Unlike previous attempts at developing computer algorithms for language learning, the new method, called Automatic Distillation of Structure (ADIOS), successfully identifies complex patterns in raw texts. The algorithm discovers the patterns by repeatedly aligning sentences and looking for overlapping parts.

For example, the sentences I would like to book a first-class flight to Chicago, I want to book a first-class flight to Boston and Book a first-class flight for me, please may give rise to the pattern book a first-class flight -- if this candidate pattern passes the novel statistical significance test that is the core of the algorithm.

If the system also encounters the sentences I need to book a direct flight from New York to Tel Aviv and I would like to book an economy flight, it may infer that the phrases first-class, direct and economy are equivalent in the context of the new pattern. "Because such equivalence sets can contain other patterns -- in turn containing further patterns, and so on -- the resulting body of knowledge grows recursively, as a sort of forest of branching trees of possibilities," said Edelman.
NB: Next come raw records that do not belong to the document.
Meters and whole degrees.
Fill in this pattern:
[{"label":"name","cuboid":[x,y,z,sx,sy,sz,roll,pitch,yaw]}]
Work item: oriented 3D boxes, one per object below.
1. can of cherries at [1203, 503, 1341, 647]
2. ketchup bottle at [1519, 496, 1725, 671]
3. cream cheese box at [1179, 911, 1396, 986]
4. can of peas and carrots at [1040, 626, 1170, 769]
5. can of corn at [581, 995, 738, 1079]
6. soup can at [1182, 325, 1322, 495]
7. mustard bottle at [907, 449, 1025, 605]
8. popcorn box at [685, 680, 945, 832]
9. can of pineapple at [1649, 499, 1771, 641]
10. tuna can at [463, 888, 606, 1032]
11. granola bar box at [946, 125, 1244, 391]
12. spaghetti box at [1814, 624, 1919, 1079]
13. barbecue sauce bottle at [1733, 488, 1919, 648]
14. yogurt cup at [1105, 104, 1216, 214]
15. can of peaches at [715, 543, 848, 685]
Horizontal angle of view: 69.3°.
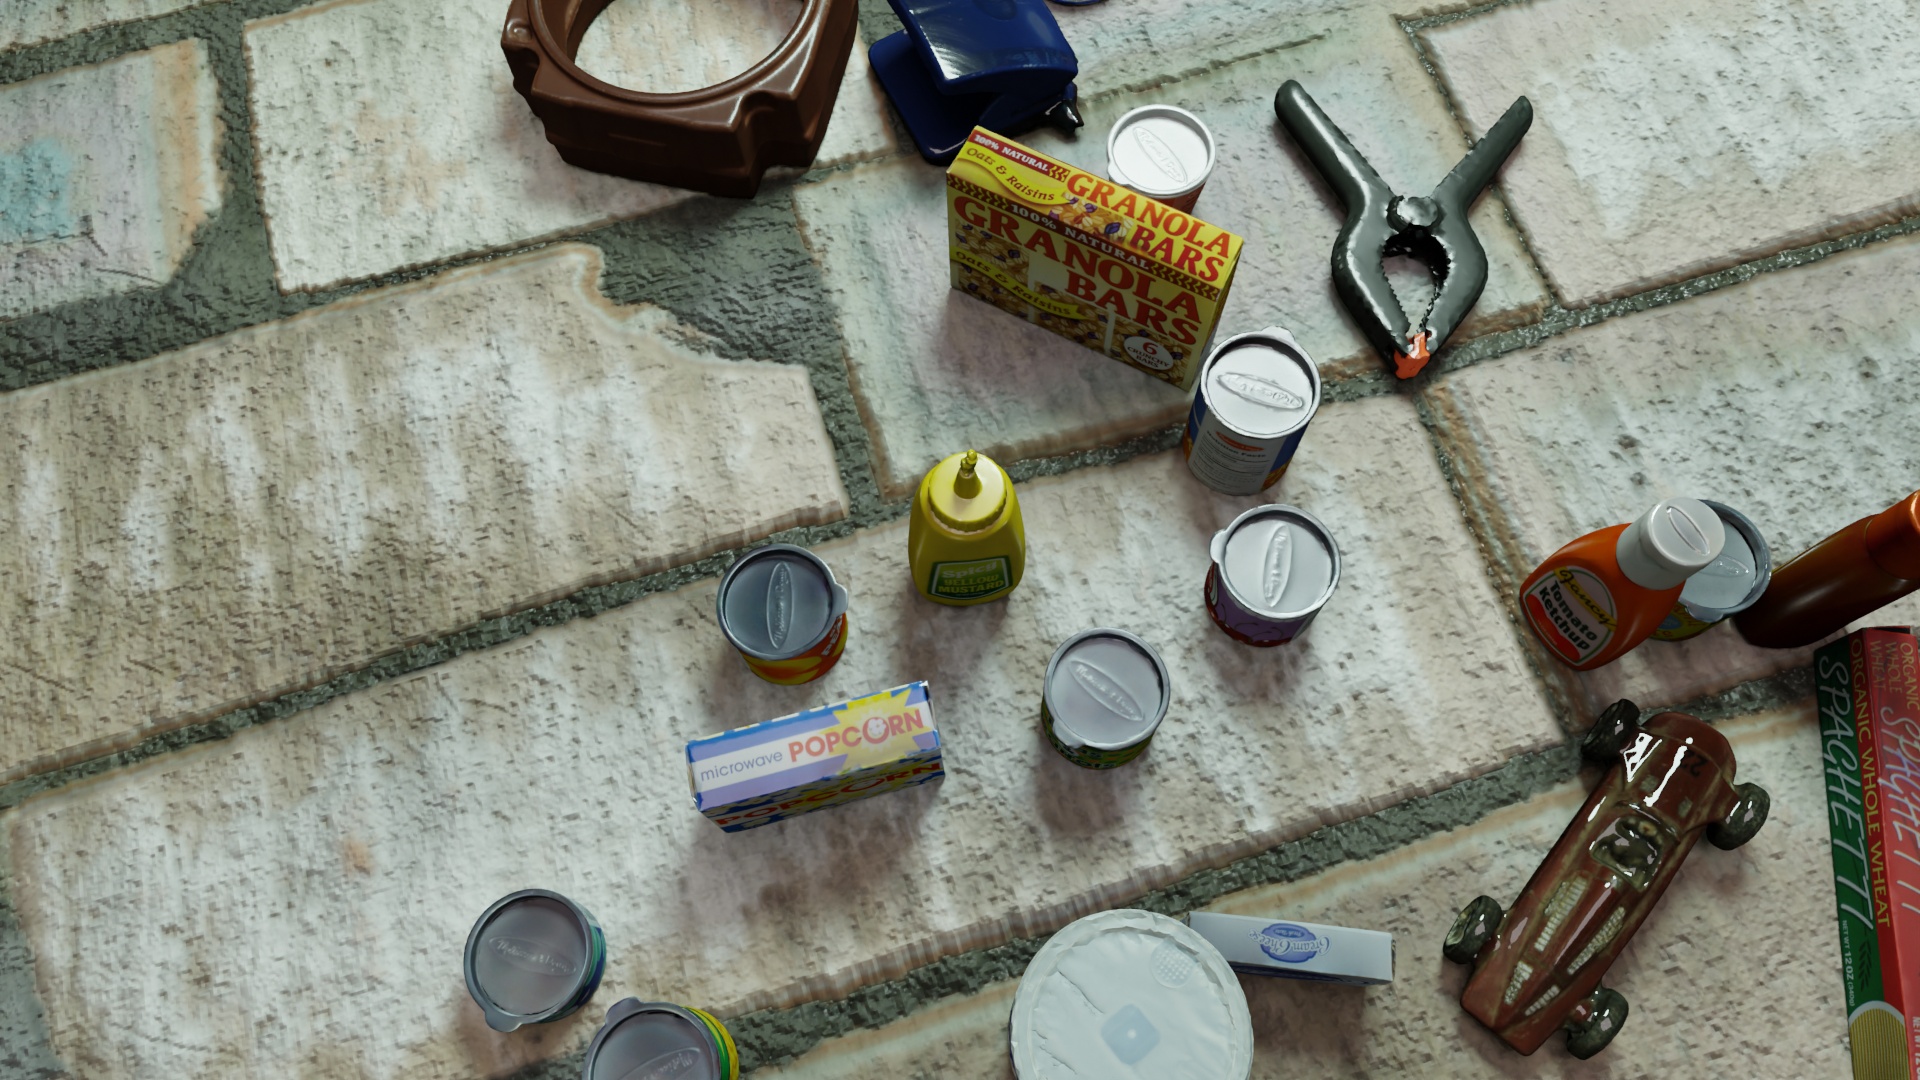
[{"label":"can of cherries","cuboid":[0.170,0.020,0.774,0.071,0.058,0.072,0,69,1]},{"label":"ketchup bottle","cuboid":[0.344,0.020,0.723,0.043,0.148,0.065,-28,72,-9]},{"label":"cream cheese box","cuboid":[0.162,0.208,0.705,0.104,0.053,0.024,6,70,3]},{"label":"can of peas and carrots","cuboid":[0.075,0.088,0.749,0.071,0.058,0.071,0,69,1]},{"label":"can of corn","cuboid":[-0.147,0.261,0.686,0.071,0.058,0.071,0,69,1]},{"label":"soup can","cuboid":[0.166,-0.073,0.796,0.071,0.083,0.071,0,69,1]},{"label":"mustard bottle","cuboid":[0.003,-0.009,0.733,0.065,0.159,0.049,-7,70,-1]},{"label":"popcorn box","cuboid":[-0.073,0.115,0.727,0.127,0.085,0.038,-14,70,-4]},{"label":"can of pineapple","cuboid":[0.401,0.019,0.771,0.071,0.057,0.071,0,69,1]},{"label":"tuna can","cuboid":[-0.220,0.218,0.718,0.071,0.032,0.071,0,69,1]},{"label":"granola bar box","cuboid":[0.074,-0.162,0.810,0.166,0.123,0.039,26,72,10]},{"label":"spaghetti box","cuboid":[0.478,0.168,0.717,0.029,0.050,0.251,7,69,3]},{"label":"barbecue sauce bottle","cuboid":[0.468,0.015,0.723,0.065,0.148,0.044,-13,70,-4]},{"label":"yogurt cup","cuboid":[0.123,-0.230,0.873,0.072,0.053,0.072,0,69,1]},{"label":"can of peaches","cuboid":[-0.095,0.042,0.770,0.071,0.058,0.071,0,69,1]}]

Shimon Edelman. (Photo: Cornell University)
He added, "ADIOS relies on a statistical method for pattern extraction and on structured generalization -- two processes that have been implicated in language acquisition. Our experiments show that it can acquire intricate structures from raw data, including transcripts of parents' speech directed at 2- or 3-year-olds. This may eventually help researchers understand how children, who learn language in a similar item-by-item fashion and with very little supervision, eventually master the full complexities of their native tongue."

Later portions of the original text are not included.